Adenodolichos rhomboideus

Scientific classification
- Kingdom: Plantae
- Clade: Tracheophytes
- Clade: Angiosperms
- Clade: Eudicots
- Clade: Rosids
- Order: Fabales
- Family: Fabaceae
- Subfamily: Faboideae
- Genus: Adenodolichos
- Species: A. rhomboideus
- Binomial name: Adenodolichos rhomboideus (O.Hoffm.) Harms
- Synonyms: Adenodolichos anchietae (Hiern) Harms ; Adenodolichos euryphyllus Harms ; Dolichos anchietae Hiern ; Dolichos rhomboideus O.Hoffm. ;

= Adenodolichos rhomboideus =

- Genus: Adenodolichos
- Species: rhomboideus
- Authority: (O.Hoffm.) Harms

Species of plant

Adenodolichos rhomboideus is a plant in the legume family Fabaceae, native to tropical Africa.

==Description==
Adenodolichos rhomboideus grows as a subshrub. The leaves consist of three ovate leaflets, measuring up to 16 cm long, puberulous above and pubescent below.
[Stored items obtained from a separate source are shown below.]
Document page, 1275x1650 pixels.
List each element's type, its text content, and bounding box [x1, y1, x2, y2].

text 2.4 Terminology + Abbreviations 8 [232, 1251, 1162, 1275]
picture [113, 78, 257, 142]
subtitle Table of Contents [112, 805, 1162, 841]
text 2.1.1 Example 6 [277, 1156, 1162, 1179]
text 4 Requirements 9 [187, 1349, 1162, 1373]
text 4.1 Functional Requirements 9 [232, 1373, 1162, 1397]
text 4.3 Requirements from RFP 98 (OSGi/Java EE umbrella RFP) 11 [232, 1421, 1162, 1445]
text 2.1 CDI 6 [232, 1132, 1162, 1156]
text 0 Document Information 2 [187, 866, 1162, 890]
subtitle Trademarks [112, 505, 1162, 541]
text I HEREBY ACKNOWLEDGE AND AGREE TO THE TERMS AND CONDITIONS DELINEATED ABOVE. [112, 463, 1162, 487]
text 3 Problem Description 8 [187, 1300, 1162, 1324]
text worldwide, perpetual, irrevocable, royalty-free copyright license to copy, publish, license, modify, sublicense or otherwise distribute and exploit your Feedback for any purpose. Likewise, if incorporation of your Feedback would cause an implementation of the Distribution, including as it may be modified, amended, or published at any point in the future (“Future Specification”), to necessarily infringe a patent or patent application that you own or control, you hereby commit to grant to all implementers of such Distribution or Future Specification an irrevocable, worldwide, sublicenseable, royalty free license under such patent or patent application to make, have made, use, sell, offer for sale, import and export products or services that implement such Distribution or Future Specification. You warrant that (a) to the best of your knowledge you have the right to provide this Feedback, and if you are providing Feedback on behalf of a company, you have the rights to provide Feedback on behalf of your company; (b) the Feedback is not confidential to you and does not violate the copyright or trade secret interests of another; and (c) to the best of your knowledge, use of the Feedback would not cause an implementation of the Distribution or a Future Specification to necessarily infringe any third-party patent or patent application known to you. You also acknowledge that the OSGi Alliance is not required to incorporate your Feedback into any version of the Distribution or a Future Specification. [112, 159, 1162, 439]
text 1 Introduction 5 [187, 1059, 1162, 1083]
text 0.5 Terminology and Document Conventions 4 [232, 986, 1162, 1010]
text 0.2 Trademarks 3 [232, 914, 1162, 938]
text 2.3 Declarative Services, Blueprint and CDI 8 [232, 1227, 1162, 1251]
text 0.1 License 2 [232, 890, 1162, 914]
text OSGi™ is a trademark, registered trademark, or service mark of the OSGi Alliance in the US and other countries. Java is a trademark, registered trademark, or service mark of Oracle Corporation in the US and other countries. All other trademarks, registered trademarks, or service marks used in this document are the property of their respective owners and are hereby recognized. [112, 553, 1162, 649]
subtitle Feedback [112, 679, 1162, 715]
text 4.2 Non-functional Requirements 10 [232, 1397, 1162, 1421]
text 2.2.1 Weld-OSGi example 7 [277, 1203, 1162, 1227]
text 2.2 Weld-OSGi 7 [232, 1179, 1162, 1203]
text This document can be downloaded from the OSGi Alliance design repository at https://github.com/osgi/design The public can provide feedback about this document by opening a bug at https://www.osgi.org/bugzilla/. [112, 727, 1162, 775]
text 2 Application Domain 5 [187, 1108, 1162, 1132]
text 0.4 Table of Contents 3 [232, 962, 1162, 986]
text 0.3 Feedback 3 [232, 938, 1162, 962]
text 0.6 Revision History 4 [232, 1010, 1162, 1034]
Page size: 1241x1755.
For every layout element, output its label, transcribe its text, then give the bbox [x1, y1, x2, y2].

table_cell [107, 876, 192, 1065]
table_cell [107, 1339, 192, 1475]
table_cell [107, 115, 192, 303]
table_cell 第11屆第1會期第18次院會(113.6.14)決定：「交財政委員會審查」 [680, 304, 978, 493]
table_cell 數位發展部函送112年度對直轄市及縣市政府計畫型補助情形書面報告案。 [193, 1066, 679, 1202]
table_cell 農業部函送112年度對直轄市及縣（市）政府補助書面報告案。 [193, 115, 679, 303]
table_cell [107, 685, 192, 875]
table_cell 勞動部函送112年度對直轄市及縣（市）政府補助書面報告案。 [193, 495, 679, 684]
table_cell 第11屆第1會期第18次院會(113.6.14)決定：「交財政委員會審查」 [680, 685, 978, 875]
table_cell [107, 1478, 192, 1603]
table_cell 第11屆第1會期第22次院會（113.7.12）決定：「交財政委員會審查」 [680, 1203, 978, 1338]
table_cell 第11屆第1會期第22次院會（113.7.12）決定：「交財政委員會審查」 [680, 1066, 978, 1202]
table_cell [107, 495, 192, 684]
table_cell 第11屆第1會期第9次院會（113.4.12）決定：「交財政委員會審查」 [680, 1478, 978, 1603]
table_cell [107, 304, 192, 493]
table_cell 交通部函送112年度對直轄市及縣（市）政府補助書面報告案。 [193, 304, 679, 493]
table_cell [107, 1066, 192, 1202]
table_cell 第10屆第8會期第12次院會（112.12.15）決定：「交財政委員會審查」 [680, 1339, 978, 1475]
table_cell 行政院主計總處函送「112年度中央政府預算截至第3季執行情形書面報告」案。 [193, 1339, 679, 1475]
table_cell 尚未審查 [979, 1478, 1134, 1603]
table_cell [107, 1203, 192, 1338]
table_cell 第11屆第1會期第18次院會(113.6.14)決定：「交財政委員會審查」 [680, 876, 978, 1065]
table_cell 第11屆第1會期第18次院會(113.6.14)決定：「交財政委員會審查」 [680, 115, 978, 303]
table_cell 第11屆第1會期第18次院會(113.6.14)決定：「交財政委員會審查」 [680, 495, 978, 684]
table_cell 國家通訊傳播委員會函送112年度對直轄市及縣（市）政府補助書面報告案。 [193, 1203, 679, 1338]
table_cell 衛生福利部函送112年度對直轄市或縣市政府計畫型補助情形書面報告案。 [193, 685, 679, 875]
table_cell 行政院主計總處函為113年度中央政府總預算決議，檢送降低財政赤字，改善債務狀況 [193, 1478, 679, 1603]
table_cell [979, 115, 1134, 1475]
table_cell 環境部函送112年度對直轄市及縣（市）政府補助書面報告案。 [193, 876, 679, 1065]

Inflorescences are terminal, featuring crimson or purple flowers. The fruits are oblanceolate or falcate pods measuring up to 5.3 cm long.

==Distribution and habitat==
Adenodolichos rhomboideus is native to the Democratic Republic of the Congo, Angola, Zambia, Malawi and Mozambique. Its habitat is in woodland.